El doctor Charles Augustus Leale tenía tan solo 23 años cuando entró en el Teatro Ford el 14 de abril de 1865. Había terminado la facultad de medicina apenas unas semanas antes y le asignaron el teatro porque el presidente estaría allí.1 Al final de aquella noche, su nombre quedó ligado para siempre a uno de los sucesos más trágicos de la historia de Estados Unidos.
En cuanto sonaron los disparos, el pánico se apoderó del teatro. La gente gritaba, los soldados entraban corriendo y la confusión reinaba en la sala. En medio de todo, Leale subió al palco de Lincoln y presenció una escena que la mayoría de los médicos recordarían para siempre.2
Años después, describió el momento con una sencillez asombrosa:Al mirar al presidente, me pareció que estaba muerto."3 Luego añadió:Como el Presidente no respondió, pensé en la otra forma de muerte, la apnea, y adopté mi postura preferida para reanimarme mediante respiración artificial."1,3,4
Esas primeras frases destacan. Sencillas, honestas y muy humanas. No parecen premeditadas ni ensayadas. Suenan como las de un joven médico que se enfrenta a una catástrofe, intentando comprender lo que ve en el momento. Leale no se paralizó. Actuó de inmediato. Revisó rápidamente la herida en la cabeza de Lincoln, despejó un coágulo de sangre para aliviar la presión, le abrió las vías respiratorias con los dedos e intentó la respiración artificial con los métodos que conocía.1,3,4 Los historiadores aún debaten si realizó una forma temprana de masaje cardíaco.1,5,6Pero eso ahora parece menos importante. Lo que más importa es que actuó de inmediato para ayudar. Actuó como un verdadero médico.

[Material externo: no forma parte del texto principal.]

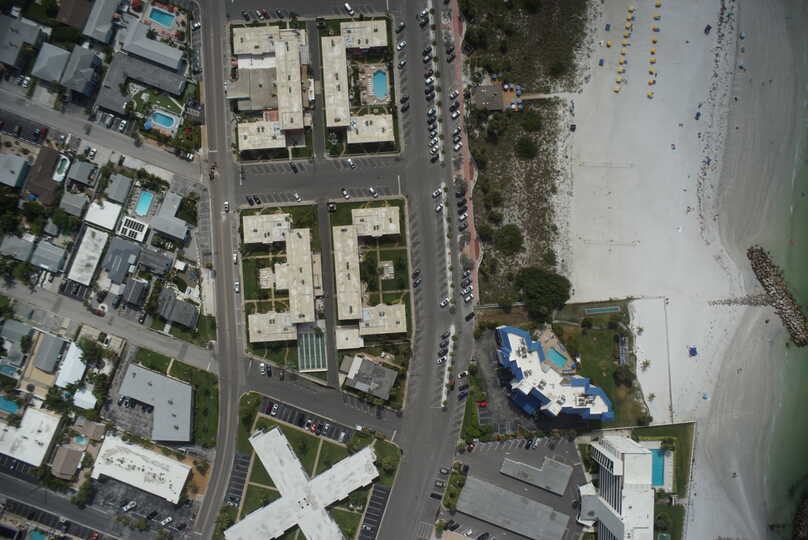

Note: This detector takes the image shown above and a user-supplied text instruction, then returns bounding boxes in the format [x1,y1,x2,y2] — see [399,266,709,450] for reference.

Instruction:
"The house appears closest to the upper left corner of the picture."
[0,13,43,67]
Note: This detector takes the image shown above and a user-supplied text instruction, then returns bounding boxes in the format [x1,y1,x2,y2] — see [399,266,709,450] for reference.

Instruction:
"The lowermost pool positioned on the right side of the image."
[647,448,665,486]
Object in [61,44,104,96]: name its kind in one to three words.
house
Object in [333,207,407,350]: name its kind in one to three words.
building
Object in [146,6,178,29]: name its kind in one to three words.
swimming pool
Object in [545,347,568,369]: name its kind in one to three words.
swimming pool
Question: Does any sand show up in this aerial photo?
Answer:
Yes
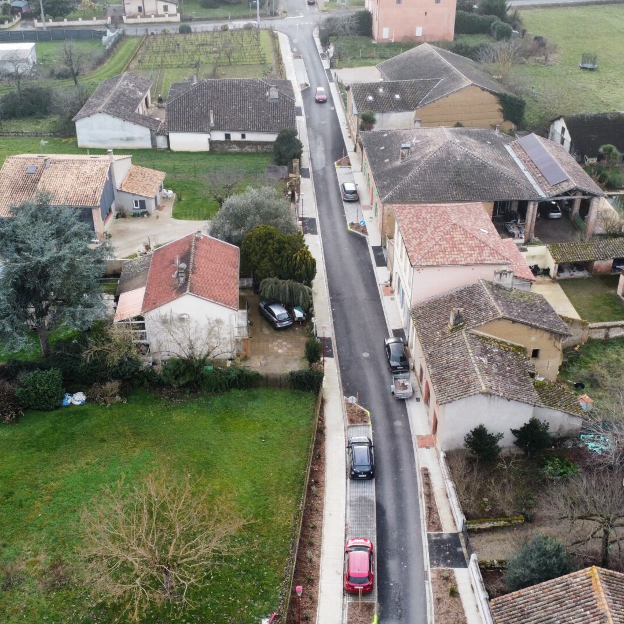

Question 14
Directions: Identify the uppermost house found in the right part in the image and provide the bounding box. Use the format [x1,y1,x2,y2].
[367,0,458,42]
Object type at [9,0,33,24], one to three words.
shed
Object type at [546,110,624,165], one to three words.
barn
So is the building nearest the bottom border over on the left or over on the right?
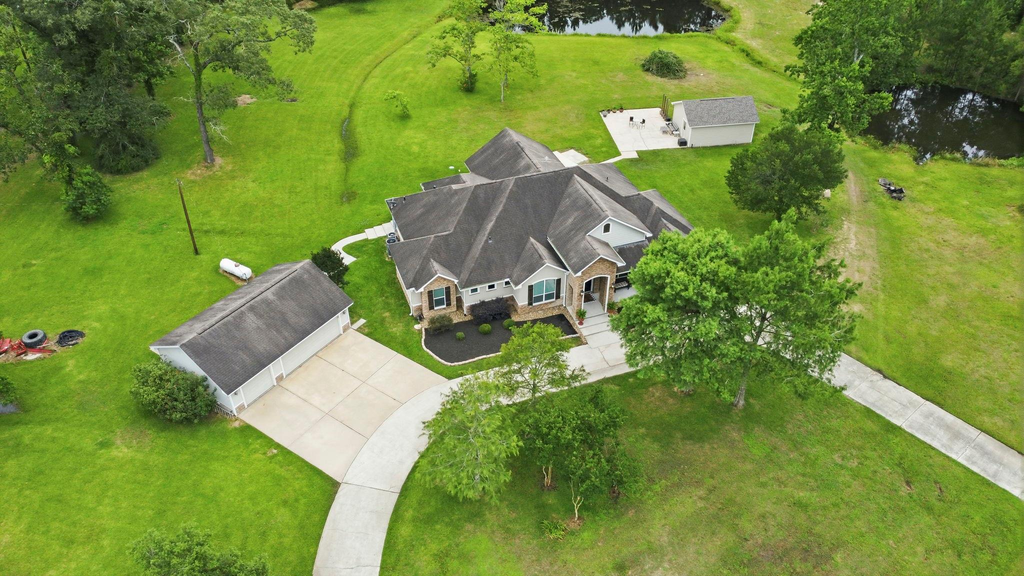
left
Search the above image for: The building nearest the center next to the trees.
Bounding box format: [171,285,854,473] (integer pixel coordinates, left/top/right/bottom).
[378,127,691,344]
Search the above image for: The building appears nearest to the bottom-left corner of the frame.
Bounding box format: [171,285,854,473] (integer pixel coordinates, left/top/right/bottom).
[149,259,355,417]
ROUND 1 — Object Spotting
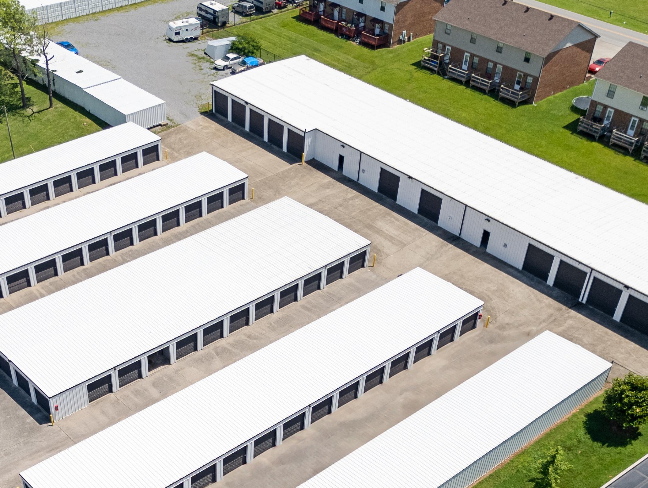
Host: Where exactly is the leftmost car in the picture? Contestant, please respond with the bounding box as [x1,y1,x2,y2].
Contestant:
[57,35,85,53]
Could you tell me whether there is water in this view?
No
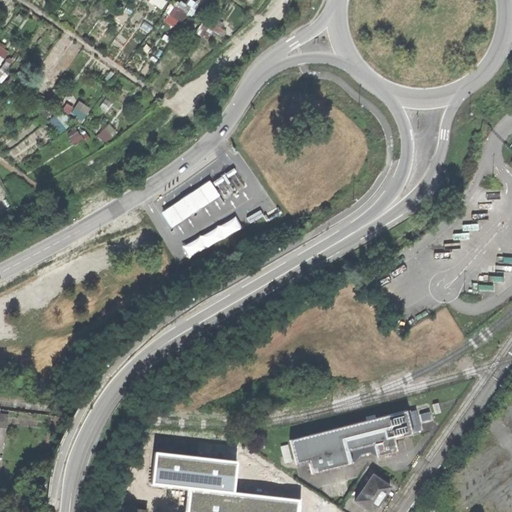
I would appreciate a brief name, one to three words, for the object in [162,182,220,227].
building
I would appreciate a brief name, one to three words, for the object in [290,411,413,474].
building
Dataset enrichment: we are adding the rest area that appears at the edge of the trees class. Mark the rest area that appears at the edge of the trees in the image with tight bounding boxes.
[147,146,277,262]
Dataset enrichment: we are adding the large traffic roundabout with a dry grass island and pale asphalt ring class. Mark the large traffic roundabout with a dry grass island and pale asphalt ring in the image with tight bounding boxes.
[328,0,512,108]
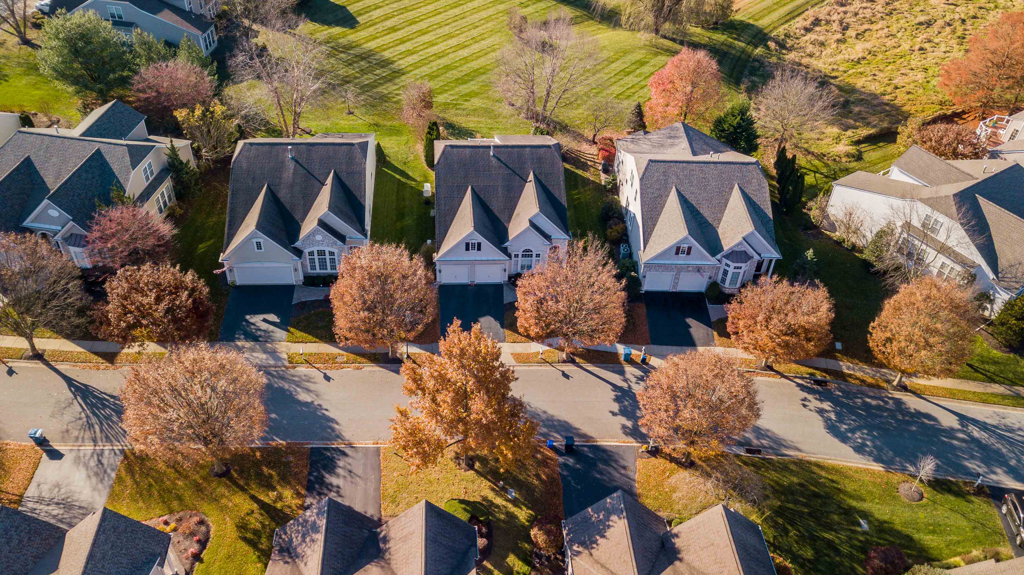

El médico como figura moral
Hubo un tiempo en que los médicos, como Charles Augustus Leale, ocupaban un lugar especial en la sociedad. La gente no solo los veía como profesionales capacitados, sino como líderes morales. Las comunidades confiaban en los médicos no porque siempre tuvieran razón, sino porque los pacientes sentían que los médicos se preocupaban genuinamente por ellos, no solo por el sistema. Esa noche, Leale no tenía ningún protocolo que seguir. Ningún comité lo asesoró. Ningún administrador le explicó las cuestiones de responsabilidad. Ningún sistema de historia clínica electrónica exigía documentación. No había departamento legal, ni oficina de cumplimiento, ni especialista en facturación, ni estructura corporativa a su alrededor. Simplemente había un médico, un paciente moribundo y un sentido del deber. La medicina hoy en día es muy diferente.
La atención médica actual está repleta de tecnología asombrosa. Podemos usar máquinas para dar soporte a los órganos, leer genomas, emplear inteligencia artificial para el diagnóstico y mantener a las personas con vida de maneras que no podíamos imaginar hace años. Las unidades de cuidados intensivos ahora parecen laboratorios de ingeniería. Pero incluso con todos estos avances, muchos pacientes afirman que la atención médica les resulta impersonal y fría.
A menudo, las personas salen de las consultas médicas con la sensación de haber sido procesadas en lugar de atendidas. No debemos fingir que la medicina en el siglo XIX era perfecta. Los médicos de la época de Leale no contaban con antibióticos, respiradores, anestesia moderna ni muchos de los tratamientos que hoy damos por sentados. La tasa de mortalidad era muy alta. Aun así, la medicina de entonces solía ser mucho más personal, y esa cualidad parece estar en peligro. Sin embargo, el médico pertenecía al paciente. Ahora, muchos médicos sienten que pertenecen a grandes sistemas en lugar de a sus propias consultas.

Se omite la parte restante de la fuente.